Department of Surgery, Division of Trauma, University of California San Diego, San Diego, California, USA.
Wound Repair Regen. 2009 Nov-Dec;17(6):772-9. doi: 10.1111/j.1524-475X.2009.00541.x. Epub 2009 Oct 12.
The results from a Phase 1/2 study of a replication-defective adenovirus encoding human platelet-derived growth factor (PDGF)-B formulated in a bovine collagen (Ad-5PDGF-B; 2.6% collagen; GAM501) gel for nonhealing neuropathic diabetic foot ulcers is reported. The primary objectives of the study were to evaluate the safety, maximum-tolerated dose, and preliminary biological activity of GAM501. Fifteen patients enrolled into the study with chronic, nonhealing ulcers received either a single administration of GAM501 at one of three dose levels, or up to four administrations of GAM501 at 1-week intervals. All patients received standard of care treatment including debridement and were required to wear an off-loading shoe. GAM501 was found to be safe and well tolerated with no evidence of systemic or local toxicity at all doses so no maximum-tolerated dose was reached. Serum antibody titers to platelet-derived growth factor-B homodimer and collagen were negative and adenoviral DNA was not detected in the blood. In the 12 patients that completed the study, ulcer closure was observed by Month 3 in 10 patients, seven of whom received a single application of GAM501. In conclusion, GAM501 did not appear to have any toxicity at doses that showed biological activity. GAM501 holds promise as a potentially effective treatment for nonhealing diabetic foot ulcers.
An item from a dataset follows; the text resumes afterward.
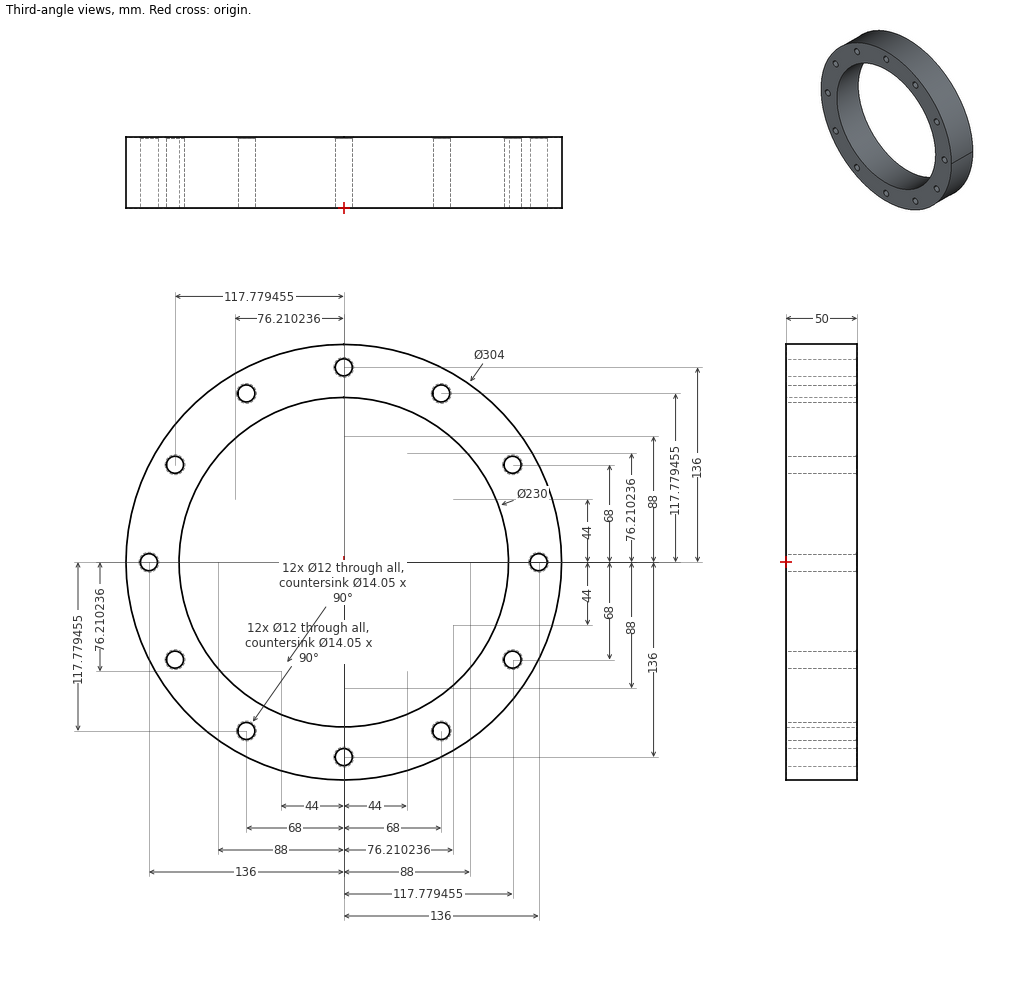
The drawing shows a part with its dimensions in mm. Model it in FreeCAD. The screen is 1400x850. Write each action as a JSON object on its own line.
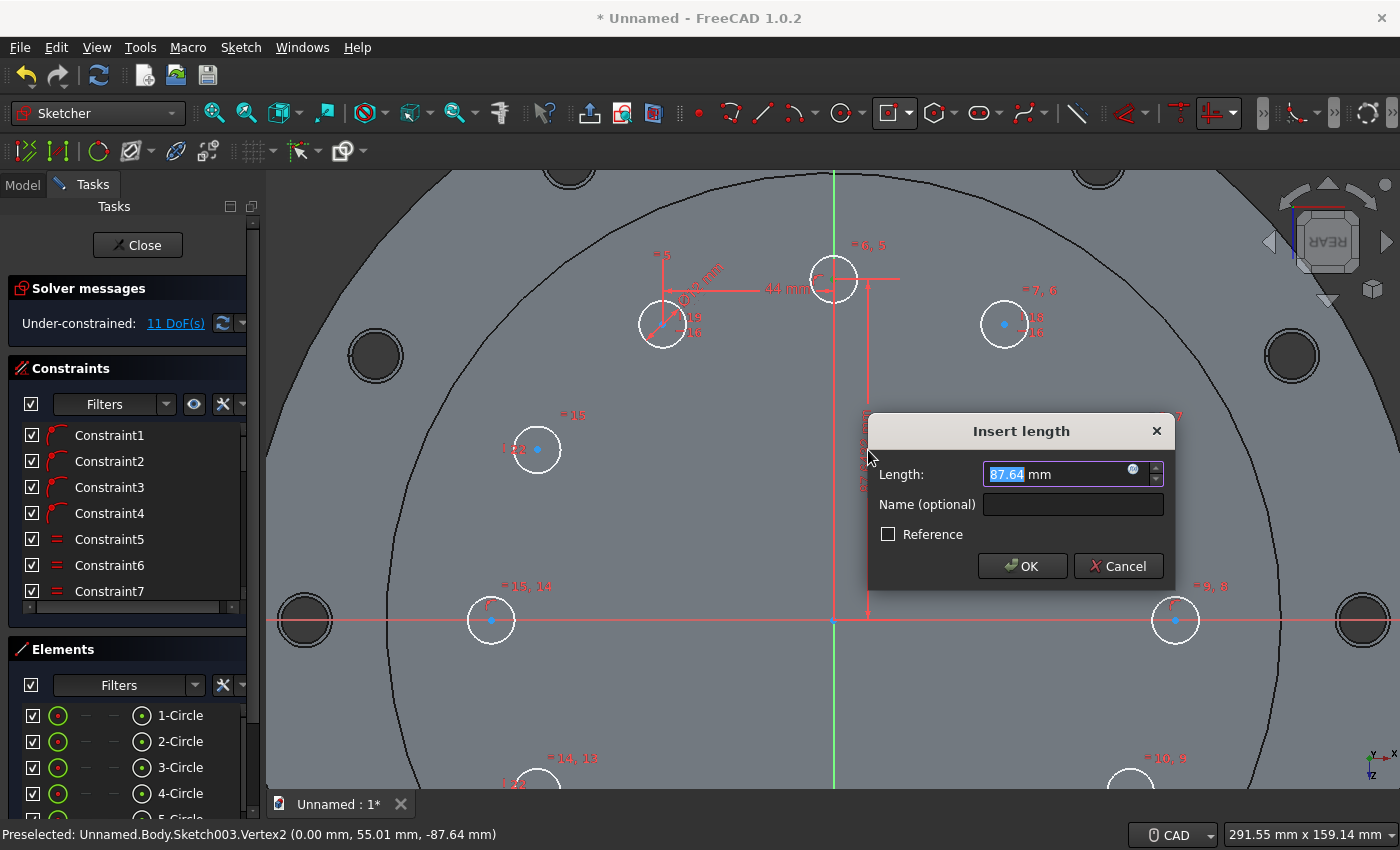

一项关于复制缺陷型腺病毒编码人血小板衍生生长因子(PDGF)的 1/2 期临床试验结果报告,该腺病毒用牛胶原蛋白(Ad-5PDGF-B;2.6%胶原蛋白;GAM501)凝胶配制,用于治疗非愈合性神经糖尿病足溃疡。该研究的主要目的是评估 GAM501 的安全性、最大耐受剂量和初步生物学活性。15 名患有慢性、不愈合溃疡的患者入组该研究,接受 GAM501 单次给药,剂量分别为三个水平之一,或最多四次,间隔 1 周。所有患者均接受包括清创在内的标准治疗,并要求穿脱载鞋。GAM501 安全且耐受性良好,所有剂量均未出现全身或局部毒性,因此未达到最大耐受剂量。血小板衍生生长因子-B 同源二聚体和胶原蛋白的血清抗体滴度均为阴性,血液中未检测到腺病毒 DNA。在完成研究的 12 名患者中,10 名患者在第 3 个月观察到溃疡闭合,其中 7 名患者单次应用 GAM501。总之,在显示生物学活性的剂量下,GAM501 似乎没有任何毒性。GAM501 有望成为治疗非愈合性糖尿病足溃疡的有效方法。